Extracted records:
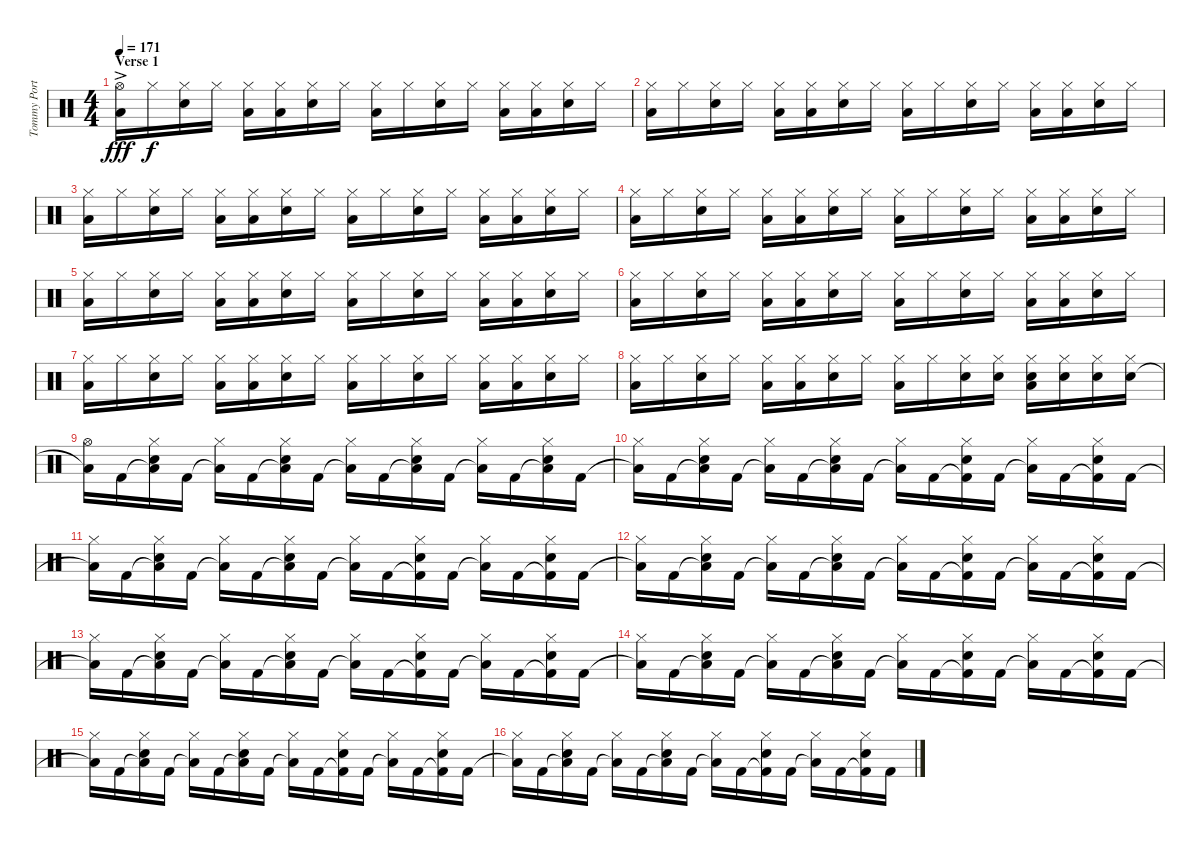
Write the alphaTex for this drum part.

\track ("Tommy Portino" "Tommy Port") {instrument percussion}
\staff {score}
\articulation defaults
\ts (4 4)
\section ("" "Verse 1")
\tempo 171
\clef neutral
\ks aminor
("Low Floor Tom (hit)"{ac} "Hi-Hat (open)").16{dy fff} "Hi-Hat (closed)".16{dy f} ("Electric Snare (hit)" "Hi-Hat (closed)").16 "Hi-Hat (closed)".16 ("Low Floor Tom (hit)" "Hi-Hat (closed)").16 ("Low Floor Tom (hit)" "Hi-Hat (closed)").16 ("Electric Snare (hit)" "Hi-Hat (closed)").16 "Hi-Hat (closed)".16 ("Low Floor Tom (hit)" "Hi-Hat (closed)").16 "Hi-Hat (closed)".16 ("Electric Snare (hit)" "Hi-Hat (closed)").16 "Hi-Hat (closed)".16 ("Low Floor Tom (hit)" "Hi-Hat (closed)").16 ("Low Floor Tom (hit)" "Hi-Hat (closed)").16 ("Electric Snare (hit)" "Hi-Hat (closed)").16 "Hi-Hat (closed)".16 |
("Low Floor Tom (hit)" "Hi-Hat (closed)").16 "Hi-Hat (closed)".16 ("Electric Snare (hit)" "Hi-Hat (closed)").16 "Hi-Hat (closed)".16 ("Low Floor Tom (hit)" "Hi-Hat (closed)").16 ("Low Floor Tom (hit)" "Hi-Hat (closed)").16 ("Electric Snare (hit)" "Hi-Hat (closed)").16 "Hi-Hat (closed)".16 ("Low Floor Tom (hit)" "Hi-Hat (closed)").16 "Hi-Hat (closed)".16 ("Electric Snare (hit)" "Hi-Hat (closed)").16 "Hi-Hat (closed)".16 ("Low Floor Tom (hit)" "Hi-Hat (closed)").16 ("Low Floor Tom (hit)" "Hi-Hat (closed)").16 ("Electric Snare (hit)" "Hi-Hat (closed)").16 "Hi-Hat (closed)".16 |
("Low Floor Tom (hit)" "Hi-Hat (closed)").16 "Hi-Hat (closed)".16 ("Electric Snare (hit)" "Hi-Hat (closed)").16 "Hi-Hat (closed)".16 ("Low Floor Tom (hit)" "Hi-Hat (closed)").16 ("Low Floor Tom (hit)" "Hi-Hat (closed)").16 ("Electric Snare (hit)" "Hi-Hat (closed)").16 "Hi-Hat (closed)".16 ("Low Floor Tom (hit)" "Hi-Hat (closed)").16 "Hi-Hat (closed)".16 ("Electric Snare (hit)" "Hi-Hat (closed)").16 "Hi-Hat (closed)".16 ("Low Floor Tom (hit)" "Hi-Hat (closed)").16 ("Low Floor Tom (hit)" "Hi-Hat (closed)").16 ("Electric Snare (hit)" "Hi-Hat (closed)").16 "Hi-Hat (closed)".16 |
("Low Floor Tom (hit)" "Hi-Hat (closed)").16 "Hi-Hat (closed)".16 ("Electric Snare (hit)" "Hi-Hat (closed)").16 "Hi-Hat (closed)".16 ("Low Floor Tom (hit)" "Hi-Hat (closed)").16 ("Low Floor Tom (hit)" "Hi-Hat (closed)").16 ("Electric Snare (hit)" "Hi-Hat (closed)").16 "Hi-Hat (closed)".16 ("Low Floor Tom (hit)" "Hi-Hat (closed)").16 "Hi-Hat (closed)".16 ("Electric Snare (hit)" "Hi-Hat (closed)").16 "Hi-Hat (closed)".16 ("Low Floor Tom (hit)" "Hi-Hat (closed)").16 ("Low Floor Tom (hit)" "Hi-Hat (closed)").16 ("Electric Snare (hit)" "Hi-Hat (closed)").16 "Hi-Hat (closed)".16 |
("Low Floor Tom (hit)" "Hi-Hat (closed)").16 "Hi-Hat (closed)".16 ("Electric Snare (hit)" "Hi-Hat (closed)").16 "Hi-Hat (closed)".16 ("Low Floor Tom (hit)" "Hi-Hat (closed)").16 ("Low Floor Tom (hit)" "Hi-Hat (closed)").16 ("Electric Snare (hit)" "Hi-Hat (closed)").16 "Hi-Hat (closed)".16 ("Low Floor Tom (hit)" "Hi-Hat (closed)").16 "Hi-Hat (closed)".16 ("Electric Snare (hit)" "Hi-Hat (closed)").16 "Hi-Hat (closed)".16 ("Low Floor Tom (hit)" "Hi-Hat (closed)").16 ("Low Floor Tom (hit)" "Hi-Hat (closed)").16 ("Electric Snare (hit)" "Hi-Hat (closed)").16 "Hi-Hat (closed)".16 |
("Low Floor Tom (hit)" "Hi-Hat (closed)").16 "Hi-Hat (closed)".16 ("Electric Snare (hit)" "Hi-Hat (closed)").16 "Hi-Hat (closed)".16 ("Low Floor Tom (hit)" "Hi-Hat (closed)").16 ("Low Floor Tom (hit)" "Hi-Hat (closed)").16 ("Electric Snare (hit)" "Hi-Hat (closed)").16 "Hi-Hat (closed)".16 ("Low Floor Tom (hit)" "Hi-Hat (closed)").16 "Hi-Hat (closed)".16 ("Electric Snare (hit)" "Hi-Hat (closed)").16 "Hi-Hat (closed)".16 ("Low Floor Tom (hit)" "Hi-Hat (closed)").16 ("Low Floor Tom (hit)" "Hi-Hat (closed)").16 ("Electric Snare (hit)" "Hi-Hat (closed)").16 "Hi-Hat (closed)".16 |
("Low Floor Tom (hit)" "Hi-Hat (closed)").16 "Hi-Hat (closed)".16 ("Electric Snare (hit)" "Hi-Hat (closed)").16 "Hi-Hat (closed)".16 ("Low Floor Tom (hit)" "Hi-Hat (closed)").16 ("Low Floor Tom (hit)" "Hi-Hat (closed)").16 ("Electric Snare (hit)" "Hi-Hat (closed)").16 "Hi-Hat (closed)".16 ("Low Floor Tom (hit)" "Hi-Hat (closed)").16 "Hi-Hat (closed)".16 ("Electric Snare (hit)" "Hi-Hat (closed)").16 "Hi-Hat (closed)".16 ("Low Floor Tom (hit)" "Hi-Hat (closed)").16 ("Low Floor Tom (hit)" "Hi-Hat (closed)").16 ("Electric Snare (hit)" "Hi-Hat (closed)").16 "Hi-Hat (closed)".16 |
("Low Floor Tom (hit)" "Hi-Hat (closed)").16 "Hi-Hat (closed)".16 ("Electric Snare (hit)" "Hi-Hat (closed)").16 "Hi-Hat (closed)".16 ("Low Floor Tom (hit)" "Hi-Hat (closed)").16 ("Low Floor Tom (hit)" "Hi-Hat (closed)").16 ("Electric Snare (hit)" "Hi-Hat (closed)").16 "Hi-Hat (closed)".16 ("Low Floor Tom (hit)" "Hi-Hat (closed)").16 "Hi-Hat (closed)".16 ("Electric Snare (hit)" "Hi-Hat (closed)").16 ("Electric Snare (hit)" "Hi-Hat (closed)").16 ("Low Floor Tom (hit)" "Electric Snare (hit)" "Hi-Hat (closed)").16 ("Electric Snare (hit)" "Hi-Hat (closed)").16 ("Electric Snare (hit)" "Hi-Hat (closed)").16 ("Electric Snare (hit)" "Hi-Hat (closed)").16 |
("Low Floor Tom (hit)"{t} "Hi-Hat (open)").16 "Kick (hit) 2".16 ("Low Floor Tom (hit)"{t} "Electric Snare (hit)" "Hi-Hat (closed)").16 "Kick (hit) 2".16 ("Low Floor Tom (hit)"{t} "Hi-Hat (closed)").16 "Kick (hit) 2".16 ("Low Floor Tom (hit)"{t} "Electric Snare (hit)" "Hi-Hat (closed)").16 "Kick (hit) 2".16 ("Low Floor Tom (hit)"{t} "Hi-Hat (closed)").16 "Kick (hit) 2".16 ("Low Floor Tom (hit)"{t} "Electric Snare (hit)" "Hi-Hat (closed)").16 "Kick (hit) 2".16 ("Low Floor Tom (hit)"{t} "Hi-Hat (closed)").16 "Kick (hit) 2".16 ("Low Floor Tom (hit)"{t} "Electric Snare (hit)" "Hi-Hat (closed)").16 "Kick (hit) 2".16 |
("Low Floor Tom (hit)"{t} "Hi-Hat (closed)").16 "Kick (hit) 2".16 ("Low Floor Tom (hit)"{t} "Electric Snare (hit)" "Hi-Hat (closed)").16 "Kick (hit) 2".16 ("Low Floor Tom (hit)"{t} "Hi-Hat (closed)").16 "Kick (hit) 2".16 ("Low Floor Tom (hit)"{t} "Electric Snare (hit)" "Hi-Hat (closed)").16 "Kick (hit) 2".16 ("Low Floor Tom (hit)"{t} "Hi-Hat (closed)").16 "Kick (hit) 2".16 ("Kick (hit) 2"{t} "Electric Snare (hit)" "Hi-Hat (closed)").16 "Kick (hit) 2".16 ("Low Floor Tom (hit)"{t} "Hi-Hat (closed)").16 "Kick (hit) 2".16 ("Kick (hit) 2"{t} "Electric Snare (hit)" "Hi-Hat (closed)").16 "Kick (hit) 2".16 |
("Low Floor Tom (hit)"{t} "Hi-Hat (closed)").16 "Kick (hit) 2".16 ("Low Floor Tom (hit)"{t} "Electric Snare (hit)" "Hi-Hat (closed)").16 "Kick (hit) 2".16 ("Low Floor Tom (hit)"{t} "Hi-Hat (closed)").16 "Kick (hit) 2".16 ("Low Floor Tom (hit)"{t} "Electric Snare (hit)" "Hi-Hat (closed)").16 "Kick (hit) 2".16 ("Low Floor Tom (hit)"{t} "Hi-Hat (closed)").16 "Kick (hit) 2".16 ("Kick (hit) 2"{t} "Electric Snare (hit)" "Hi-Hat (closed)").16 "Kick (hit) 2".16 ("Low Floor Tom (hit)"{t} "Hi-Hat (closed)").16 "Kick (hit) 2".16 ("Kick (hit) 2"{t} "Electric Snare (hit)" "Hi-Hat (closed)").16 "Kick (hit) 2".16 |
("Low Floor Tom (hit)"{t} "Hi-Hat (closed)").16 "Kick (hit) 2".16 ("Low Floor Tom (hit)"{t} "Electric Snare (hit)" "Hi-Hat (closed)").16 "Kick (hit) 2".16 ("Low Floor Tom (hit)"{t} "Hi-Hat (closed)").16 "Kick (hit) 2".16 ("Low Floor Tom (hit)"{t} "Electric Snare (hit)" "Hi-Hat (closed)").16 "Kick (hit) 2".16 ("Low Floor Tom (hit)"{t} "Hi-Hat (closed)").16 "Kick (hit) 2".16 ("Kick (hit) 2"{t} "Electric Snare (hit)" "Hi-Hat (closed)").16 "Kick (hit) 2".16 ("Low Floor Tom (hit)"{t} "Hi-Hat (closed)").16 "Kick (hit) 2".16 ("Kick (hit) 2"{t} "Electric Snare (hit)" "Hi-Hat (closed)").16 "Kick (hit) 2".16 |
("Low Floor Tom (hit)"{t} "Hi-Hat (closed)").16 "Kick (hit) 2".16 ("Low Floor Tom (hit)"{t} "Electric Snare (hit)" "Hi-Hat (closed)").16 "Kick (hit) 2".16 ("Low Floor Tom (hit)"{t} "Hi-Hat (closed)").16 "Kick (hit) 2".16 ("Low Floor Tom (hit)"{t} "Electric Snare (hit)" "Hi-Hat (closed)").16 "Kick (hit) 2".16 ("Low Floor Tom (hit)"{t} "Hi-Hat (closed)").16 "Kick (hit) 2".16 ("Kick (hit) 2"{t} "Electric Snare (hit)" "Hi-Hat (closed)").16 "Kick (hit) 2".16 ("Low Floor Tom (hit)"{t} "Hi-Hat (closed)").16 "Kick (hit) 2".16 ("Kick (hit) 2"{t} "Electric Snare (hit)" "Hi-Hat (closed)").16 "Kick (hit) 2".16 |
("Low Floor Tom (hit)"{t} "Hi-Hat (closed)").16 "Kick (hit) 2".16 ("Low Floor Tom (hit)"{t} "Electric Snare (hit)" "Hi-Hat (closed)").16 "Kick (hit) 2".16 ("Low Floor Tom (hit)"{t} "Hi-Hat (closed)").16 "Kick (hit) 2".16 ("Low Floor Tom (hit)"{t} "Electric Snare (hit)" "Hi-Hat (closed)").16 "Kick (hit) 2".16 ("Low Floor Tom (hit)"{t} "Hi-Hat (closed)").16 "Kick (hit) 2".16 ("Kick (hit) 2"{t} "Electric Snare (hit)" "Hi-Hat (closed)").16 "Kick (hit) 2".16 ("Low Floor Tom (hit)"{t} "Hi-Hat (closed)").16 "Kick (hit) 2".16 ("Kick (hit) 2"{t} "Electric Snare (hit)" "Hi-Hat (closed)").16 "Kick (hit) 2".16 |
("Low Floor Tom (hit)"{t} "Hi-Hat (closed)").16 "Kick (hit) 2".16 ("Low Floor Tom (hit)"{t} "Electric Snare (hit)" "Hi-Hat (closed)").16 "Kick (hit) 2".16 ("Low Floor Tom (hit)"{t} "Hi-Hat (closed)").16 "Kick (hit) 2".16 ("Low Floor Tom (hit)"{t} "Electric Snare (hit)" "Hi-Hat (closed)").16 "Kick (hit) 2".16 ("Low Floor Tom (hit)"{t} "Hi-Hat (closed)").16 "Kick (hit) 2".16 ("Kick (hit) 2"{t} "Electric Snare (hit)" "Hi-Hat (closed)").16 "Kick (hit) 2".16 ("Low Floor Tom (hit)"{t} "Hi-Hat (closed)").16 "Kick (hit) 2".16 ("Kick (hit) 2"{t} "Electric Snare (hit)" "Hi-Hat (closed)").16 "Kick (hit) 2".16 |
("Low Floor Tom (hit)"{t} "Hi-Hat (closed)").16 "Kick (hit) 2".16 ("Low Floor Tom (hit)"{t} "Electric Snare (hit)" "Hi-Hat (closed)").16 "Kick (hit) 2".16 ("Low Floor Tom (hit)"{t} "Hi-Hat (closed)").16 "Kick (hit) 2".16 ("Low Floor Tom (hit)"{t} "Electric Snare (hit)" "Hi-Hat (closed)").16 "Kick (hit) 2".16 ("Low Floor Tom (hit)"{t} "Hi-Hat (closed)").16 "Kick (hit) 2".16 ("Kick (hit) 2"{t} "Electric Snare (hit)" "Hi-Hat (closed)").16 "Kick (hit) 2".16 ("Low Floor Tom (hit)"{t} "Hi-Hat (closed)").16 "Kick (hit) 2".16 ("Kick (hit) 2"{t} "Electric Snare (hit)" "Hi-Hat (closed)").16 "Kick (hit) 2".16

■ EXERCISE DESCRIPTION
The answer should be nothing but the number of lines in this data that include "open".

■ REPLY TO THE TASK
2